El kitsch y la dictadura del corazón | Artículo de opinión Charly Rebel

“… Sabina le explicó una vez a Teresa el sentido de sus cuadros: delante hay una mentira comprensible y detrás una verdad incomprensible.”

Milan Kundera. La Insoportable levedad del ser.

Ahora que se vislumbran elecciones en el horizonte (válgame el cliché), es un buen momento para asfaltar calles, inaugurar parques y leer o releer el capítulo La Gran Marcha que aparece en La Insoportable Levedad del Ser de Milan Kundera.

“Siempre que hay una crisis de valores aparece el kitsch”, decía Herman Broch. Pero si además es el momento de que los ojos se fijen en el candidato, aparece en escena con su disfraz político (uno de tantos) acompañado de  sus imágenes, palabras y arquetipos. Con el fin de agradar al máximo número de gente, en su discurso se recurre a ahuecar las palabras para que emocionen en forma de eslóganes y promesas.

Los medios de comunicación ya lo hacen a diario: convierten nuestra estética, nuestra política y nuestra vida en kitsch. Y al final esto nos hace sospechar de nosotros mismos: ¿qué hay de verdad y qué está impuesto cuando miramos nuestro reflejo, el del alma o el de nuestros pensamientos y creencias?

Esta palabra que suena a chasquido nace en Alemania a mediados del XIX para definir una actitud que pretende agradar a todo el mundo. Quizás me esté condicionando en este momento que escribo estas palabras. Nadie se escapa de él.

Kundera hace una clasificación  en la que distingue  cuatro tipos de mirada bajo la cual queremos vivir: la que se rodea de ojos anónimos que nos vigilan, como es el caso de influencers y famosos de todo tipo; los que necesitan rodearse de muchos amigos (¿suena a Facebook?); los que necesitan la mirada de la persona amada y los que necesitan la mirada imaginaria de personas ausentes. A mí me parece que podríamos considerar la mirada del espejo: esos ojos invertidos del que nos mira y que pertenecen al resultado de nuestra vida y que pertenecen al rostro del que somos responsables (Albert Camus). Los ojos del pasado, que nos juzgan con su mirada nostálgica, y los ojos que anhelan el futuro en el que nos queremos convertir y al que tanta fe y esperanza le procuramos. Y cómo no considerar los ojos de Dios, incluso los del T.J. Eckleburg en El Gran Gatsby o los del Gran Hermano de Orwell.
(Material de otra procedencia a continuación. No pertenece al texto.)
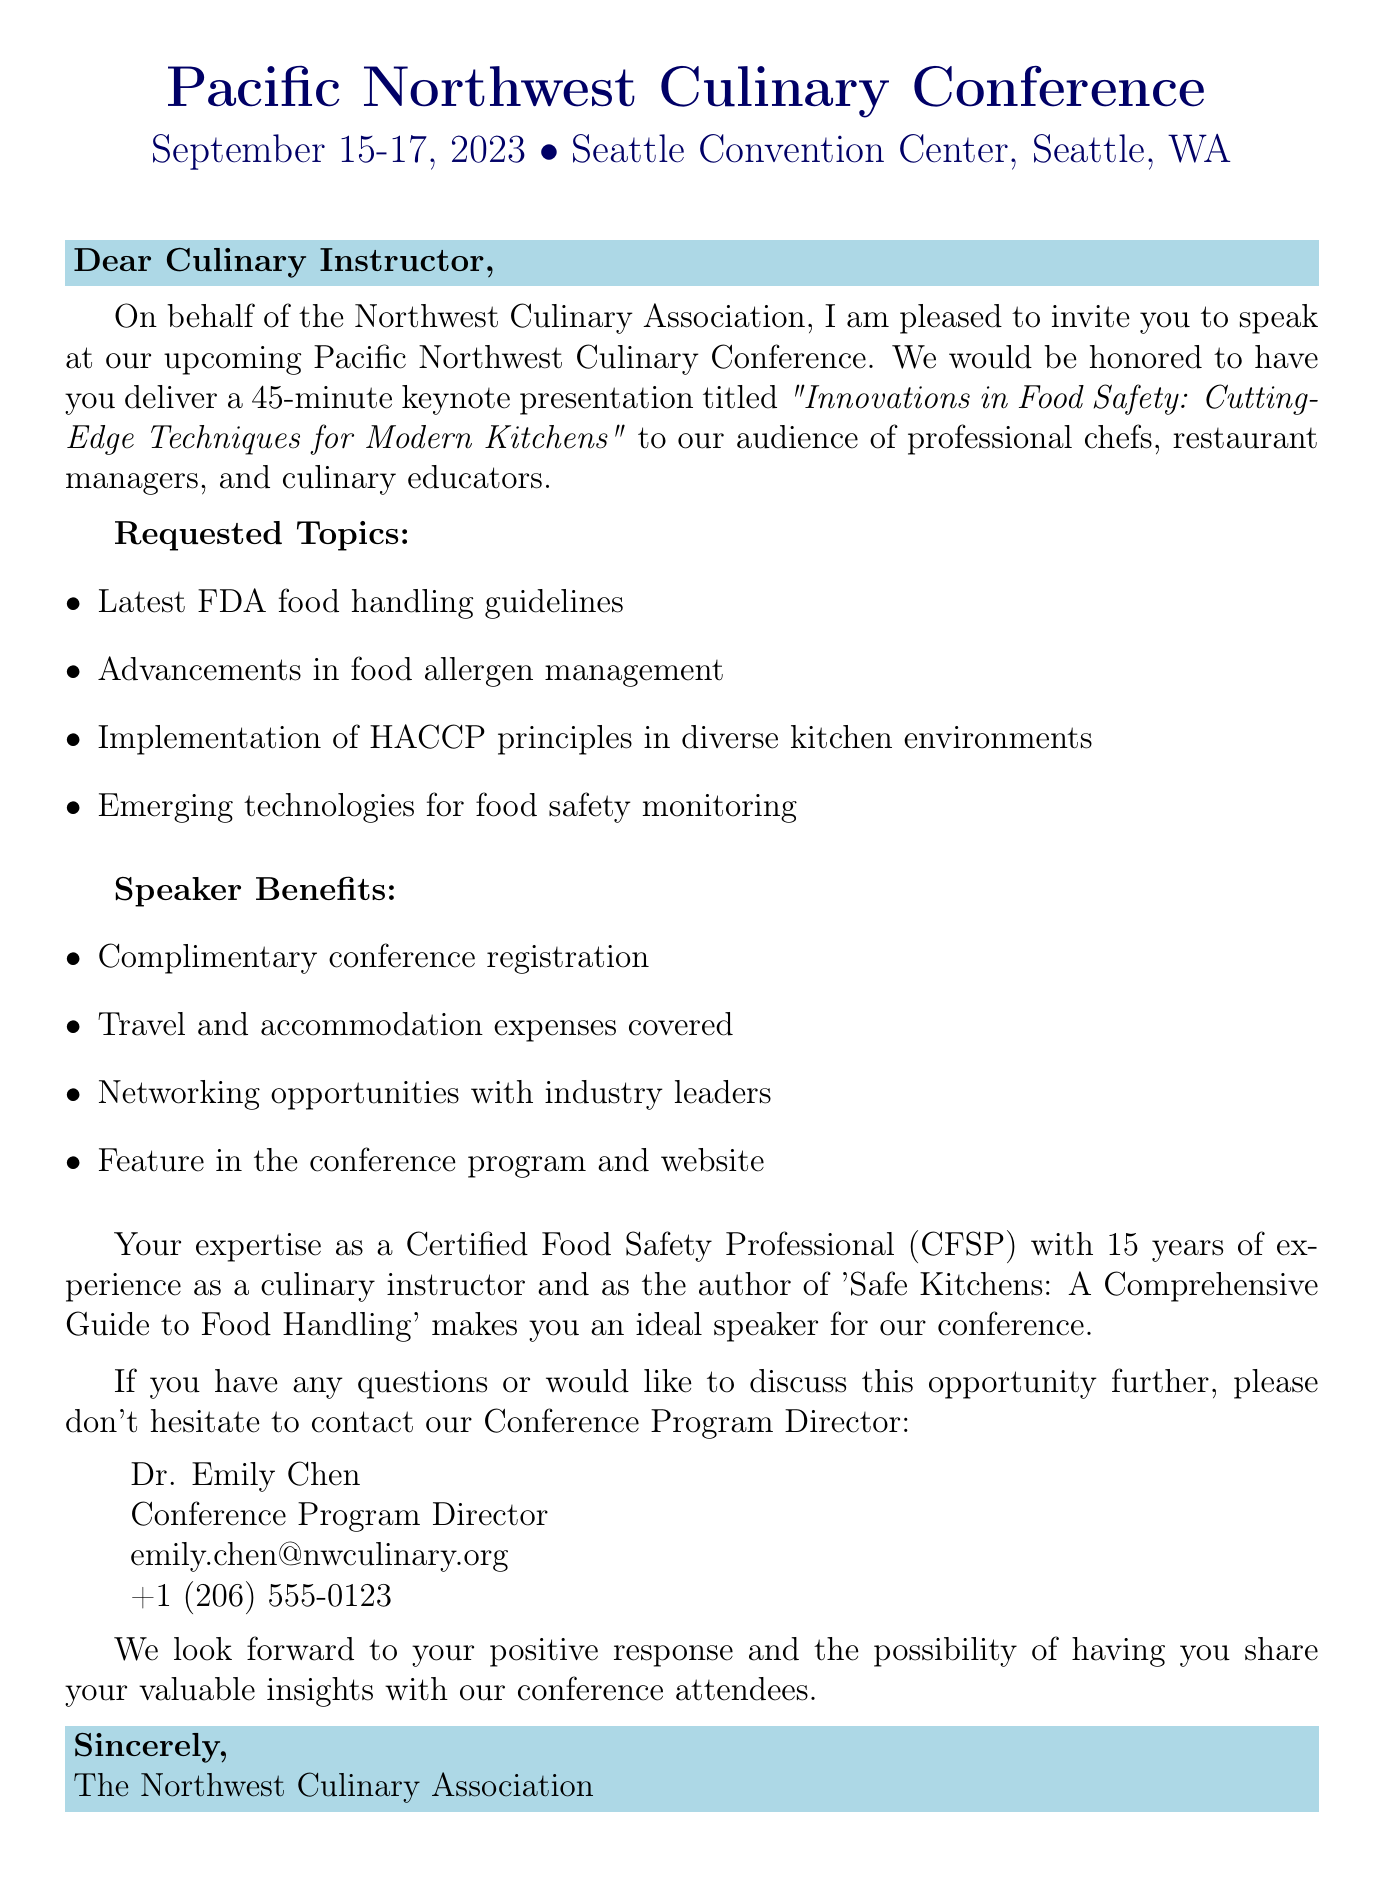What is the name of the conference? The name of the conference is explicitly stated in the document, which is the Pacific Northwest Culinary Conference.
Answer: Pacific Northwest Culinary Conference What are the dates of the event? The document provides the specific dates on which the event will take place, which are September 15-17, 2023.
Answer: September 15-17, 2023 Where is the conference located? The location of the event is mentioned in the document, specifically at Seattle Convention Center, Seattle, WA.
Answer: Seattle Convention Center, Seattle, WA What is the speaking slot duration? The length of the keynote presentation is clearly outlined in the document as a 45-minute speaking slot.
Answer: 45-minute Who is the contact person for the event? The document lists the contact person responsible for further queries regarding the conference, which is Dr. Emily Chen.
Answer: Dr. Emily Chen What is one of the requested topics for the presentation? The document specifies various topics, and one of them is the latest FDA food handling guidelines.
Answer: Latest FDA food handling guidelines What benefit do speakers receive regarding conference registration? The document mentions that speakers will receive complimentary conference registration as a benefit.
Answer: Complimentary conference registration What is the target audience for the keynote presentation? The document clearly identifies that the target audience includes professional chefs, restaurant managers, and culinary educators.
Answer: Professional chefs, restaurant managers, and culinary educators How many years of experience does the speaker have? The document states that the speaker has 15 years of experience as a culinary instructor.
Answer: 15 years

El kitsch nos tiene atrapados a tal punto que es difícil deshacerse de él. No sabemos bien cómo se ha instalado en nuestras vidas y cómo influye nuestra visión del mundo y nuestras decisiones. Se convierte en la dictadura del corazón una vez se ha instalado bien en nuestras emociones.

Lo queramos o no, acabamos convirtiéndonos en Kitsch antes de pasar al olvido, nos advierte Kundera.

¿Quién es su enemigo? La persona que pregunta, la que cuestiona el status quo, la que cultiva el espíritu crítico y no se deja arrastrar por La gran marcha, cuestionándola. Pregúntese qué es lo que quiere de verdad, rasgue el lienzo e intente comprender esa verdad incomprensible. Dice Vaclav Belohadsky: “La gran tesis de Kundera es que la verdad que no tiene conocimiento de la verdad opuesta es un kitsch”. Las imágenes que nos rodean han desterrado nuestra trascendencia emocional y espiritual y nos está convirtiendo en objetos, de ahí la importancia del cuerpo; y esto nos empuja a conformar nuestra realidad con cosas efímeras y obsolescentes (una cultura líquida, Zigmunt Bauman).

El kitsch nos quiere bellos y perfectos, como filtrados por PhotoShop: es el maquillaje de lo que hay de inaceptable en la realidad humana; es el estado totalitario perfecto, el mundo Feliz de Huxley o el orweliano de 1984. En el kitsch totalitario las respuestas están dadas; no hay preguntas, no se puede ir contra la verdad aparente que imponen.

Ahora que tenemos democracia no convierta su corazón y en un dictador y su vida en una dictadura. Rebélese contra el kitsch, o por lo menos ofrézcale resistencia.